Christians are commanded to _grow in grace_. Was it necessary for God to
grow in grace, that He might rectify His spiritual universe?

The Jehovah of limited Hebrew faith might need repentance, because His
created children proved sinful; but the New Testament tells us of "the
Father of lights, with whom is no variableness, neither shadow of turning."
God is not the shifting vane on the spire, but the corner-stone of living
rock, firmer than everlasting hills.

As God is Mind, if this Mind is familiar with evil, all cannot be good
therein. Our infinite model would be taken away. What is in eternal Mind
must be reflected in man, Mind's image.

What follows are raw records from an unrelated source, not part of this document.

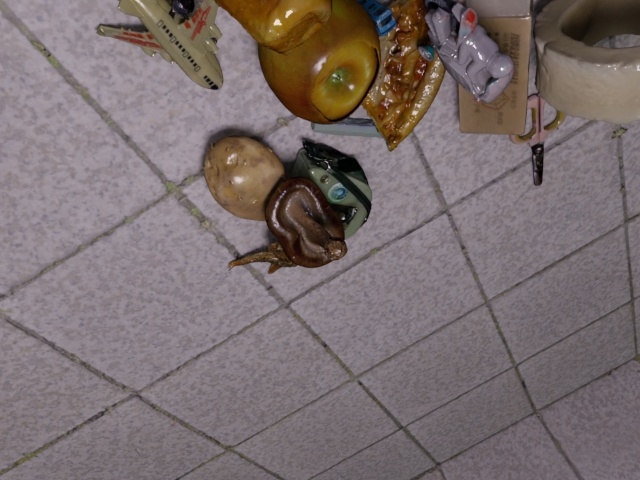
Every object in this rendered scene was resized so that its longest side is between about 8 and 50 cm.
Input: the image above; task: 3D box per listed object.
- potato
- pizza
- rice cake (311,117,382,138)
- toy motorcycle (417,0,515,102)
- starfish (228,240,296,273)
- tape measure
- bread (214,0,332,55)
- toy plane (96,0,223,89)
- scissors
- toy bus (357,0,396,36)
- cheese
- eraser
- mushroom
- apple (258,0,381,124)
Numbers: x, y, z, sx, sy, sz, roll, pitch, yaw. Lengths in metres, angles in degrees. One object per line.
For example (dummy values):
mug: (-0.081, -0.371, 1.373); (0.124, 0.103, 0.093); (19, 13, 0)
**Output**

How then could man escape, or hope
to escape, from a knowledge which is everlasting in his creator?

God never said that man would become better by learning to distinguish evil
from good,--but the contrary, that by this knowledge, by man's first
disobedience, came "death into the world, and all our woe."

"Shall mortal man be more just than God?" asks the poet-patriarch. May men
rid themselves of an incubus which God never can throw off? Do mortals know
more than God, that they may declare Him absolutely cognizant of sin?